PTAB

IPR2017-01733

Cavium Inc v. Alacritech Inc

Key Events
Petition
petition

1. Case Identification

2. Patent Overview

  • Title: Fast-Path Apparatus for Receiving Data Corresponding to a TCP Connection
  • Brief Description: The ’241 patent relates to a system for offloading Transmission Control Protocol (TCP) processing from a host computer to an intelligent network interface card (INIC). The INIC is designed to provide a "fast-path" that avoids the host's protocol stack for established TCP connections, thereby reducing host CPU utilization and improving network performance.

3. Grounds for Unpatentability

Ground 1: Claims 9-15, 17, and 19-21 are obvious over Connery in view of the knowledge of a POSA.

  • Prior Art Relied Upon: Connery (Patent 5,937,169).
  • Core Argument for this Ground:
    • Prior Art Mapping: Petitioner argued that Connery, which teaches offloading TCP segmentation to a "smart adapter," discloses or renders obvious every limitation of the challenged claims. Connery describes a system where a host processor (a "first processor") provides a large data payload and a header template to the smart adapter. A processor on the adapter (a "second processor") then segments the data and creates packet headers—including Media Access Control (MAC), Internet Protocol (IP), and TCP layers—from the provided template before transmission.
    • For claim 9, Petitioner mapped Connery's host CPU and memory to the "first processor" and its memory, and Connery's smart adapter CPU to the "second processor." Petitioner contended Connery's disclosure of segmenting a large datagram on the adapter meets the "dividing the data" limitation. While Connery does not explicitly state headers are "prepended," Petitioner argued a person of ordinary skill in the art (POSA) would find it obvious to prepend headers to data segments for efficiency, rather than performing a more resource-intensive append operation. Similarly, a POSA would find it obvious to perform the header creation, based on Connery's contiguous template header, "at one time as a sequence of bits."
    • For claim 17, which is substantially similar to claim 9, Petitioner relied on the same mappings. Regarding the limitation "without an interrupt dividing the prepending," Petitioner argued this was obvious from Connery's stated goal of reducing host interrupts. Connery teaches reducing interrupts to one per large datagram, so a POSA would understand that the rapid, sequential prepending of headers for the resulting smaller packets on the smart adapter would not involve or be divided by individual host interrupts.
    • Motivation to Combine (for §103 grounds): The primary motivation cited was to implement the protocol offloading system of Connery using well-known and efficient engineering practices. A POSA would be motivated to prepend headers and perform this as a single atomic operation on the network card to achieve Connery's own stated goals of reducing host CPU utilization and improving performance.
    • Expectation of Success (for §103 grounds): A POSA would have had a high expectation of success because the proposed modifications involved applying conventional and predictable networking hardware and software design principles to Connery's architecture.
    • Key Aspects: The viability of this entire ground rested on Petitioner's argument that Connery qualifies as prior art, which required invalidating the ’241 patent's claim to an earlier priority date.
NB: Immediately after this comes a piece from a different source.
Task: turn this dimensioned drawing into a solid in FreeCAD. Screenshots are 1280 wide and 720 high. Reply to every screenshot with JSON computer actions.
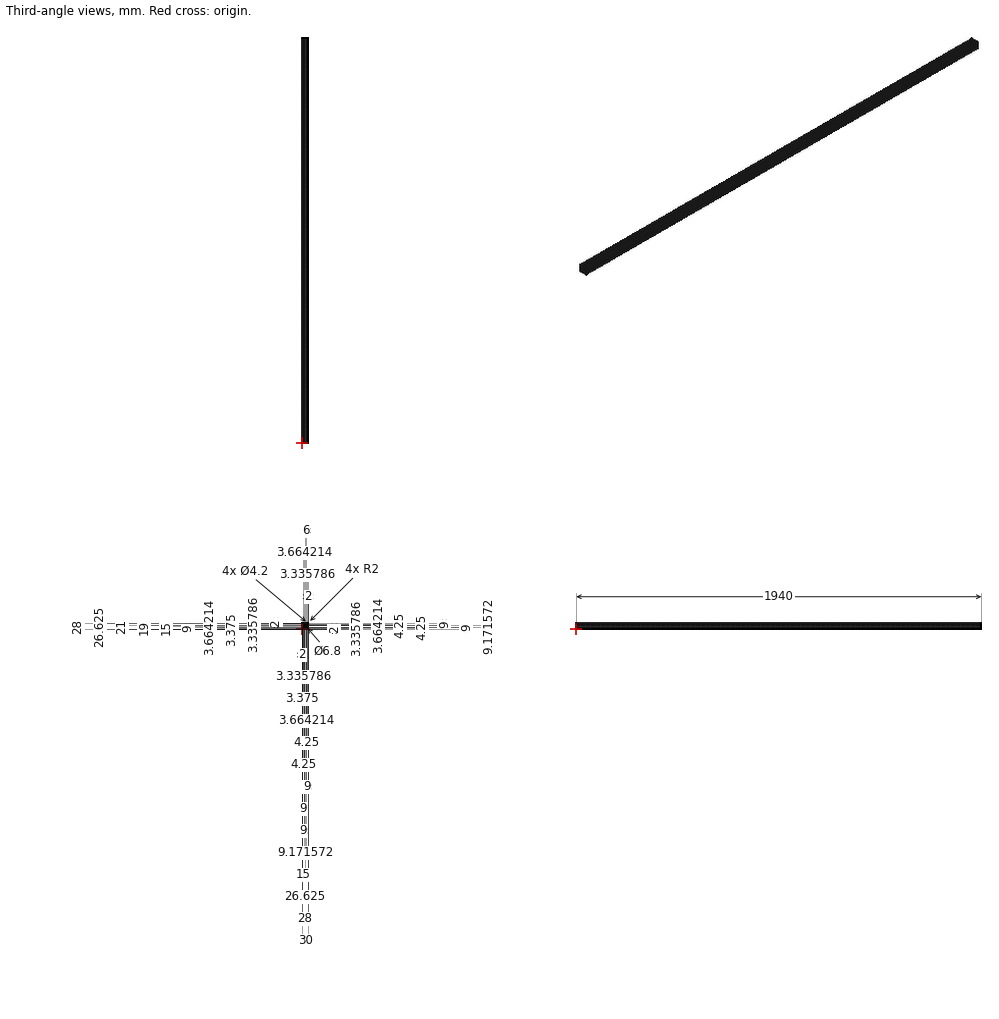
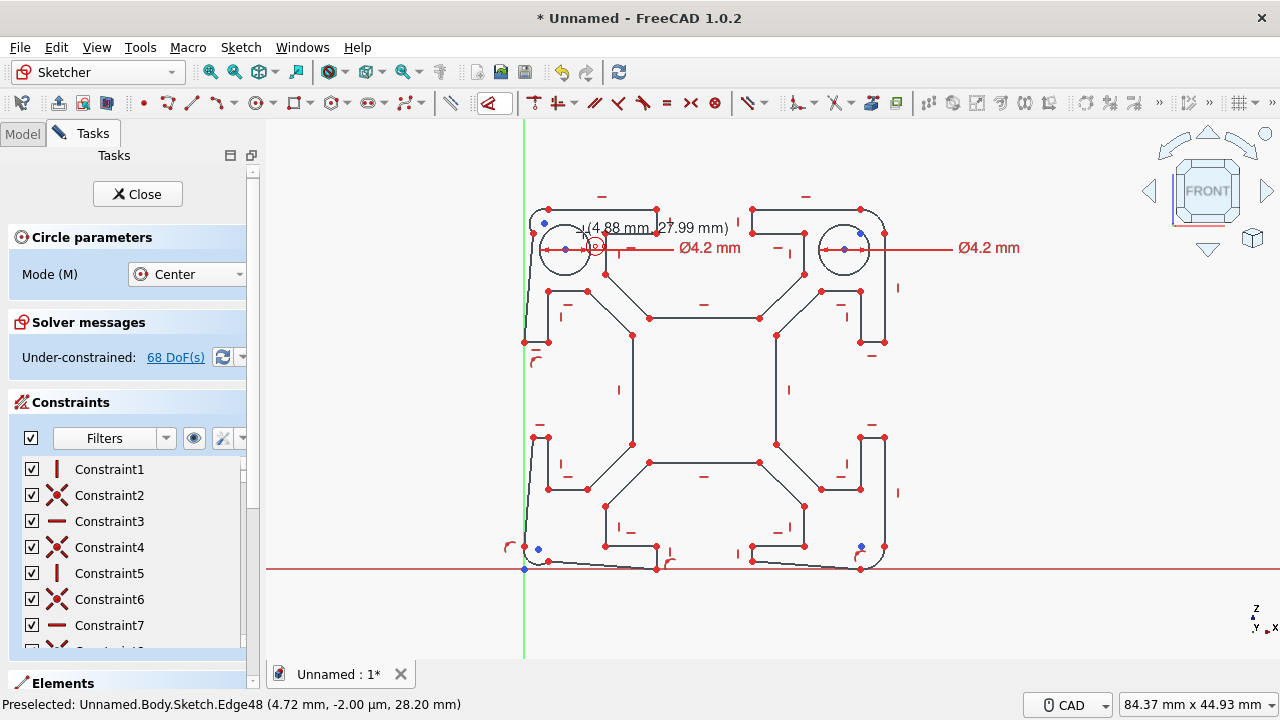
{"action": "left_click", "coordinate": [844, 529]}
{"action": "mouse_move", "coordinate": [862, 511]}

4. Key Claim Construction Positions

  • "[first/second] mechanism" (claim 17): Petitioner argued this term should be construed under 35 U.S.C. §112, paragraph 6 (pre-AIA) as a means-plus-function limitation. Petitioner contended that "mechanism" is a nonce word and that the specification fails to disclose the necessary corresponding structure, such as a specific algorithm, required to perform the claimed functions (e.g., "providing a block of data," "dividing the block of data"). Therefore, Petitioner asserted the term is indefinite.
  • "without an interrupt dividing" (claim 17): Petitioner argued this phrase is indefinite. The contention was that a POSA would not understand how a host processor interrupt could "divide" a header prepending process that occurs entirely on a separate processor located on the network interface card, as the host is not involved in that specific operation.
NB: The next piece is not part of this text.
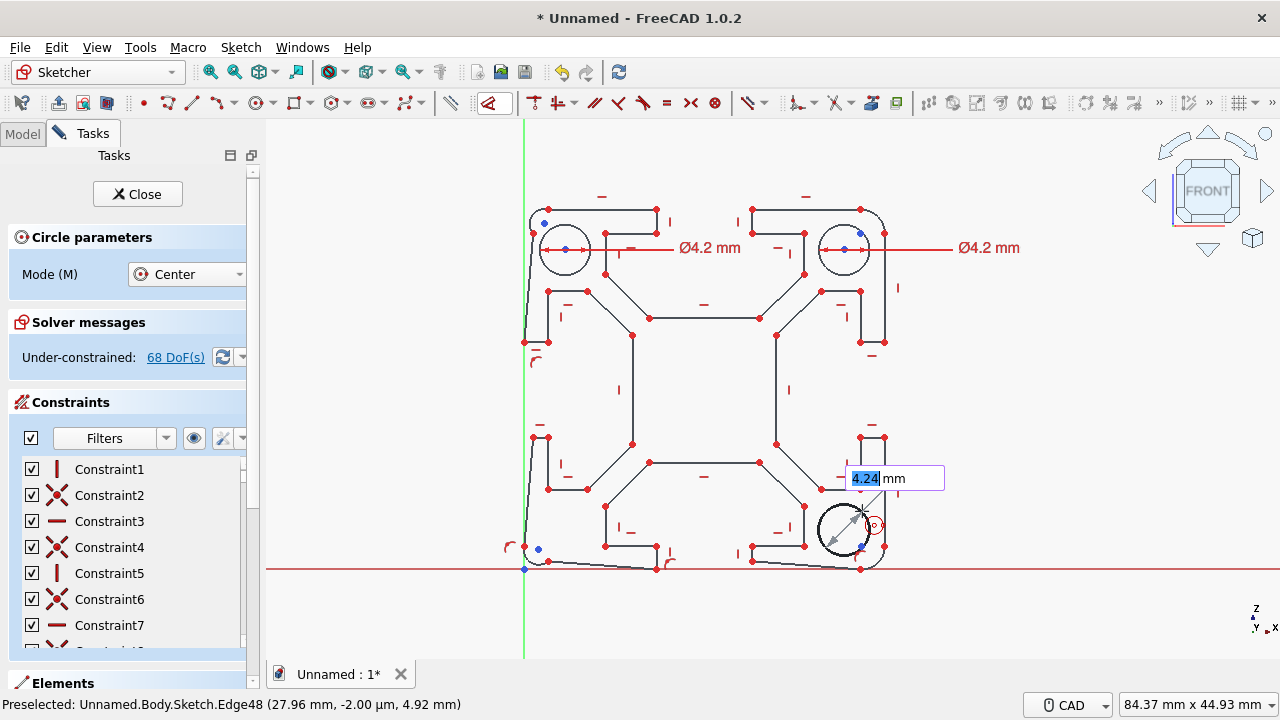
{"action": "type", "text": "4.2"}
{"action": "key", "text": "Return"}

5. Key Technical Contentions (Beyond Claim Construction)

  • Priority Date Challenge: A central contention of the petition was that the ’241 patent was not entitled to its claimed priority date of October 14, 1997. Petitioner argued that the 1997 provisional application lacked adequate written description support for key limitations recited in the challenged independent claims, including "prepending a packet header" and prepending headers "at one time as a sequence of bits." By successfully challenging the priority date, Petitioner sought to establish Connery, which was filed on October 29, 1997, as valid prior art against all challenged claims.

6. Relief Requested

  • Petitioner requested the institution of an inter partes review (IPR) and the cancellation of claims 9-15, 17, and 19-21 of the ’241 patent as unpatentable.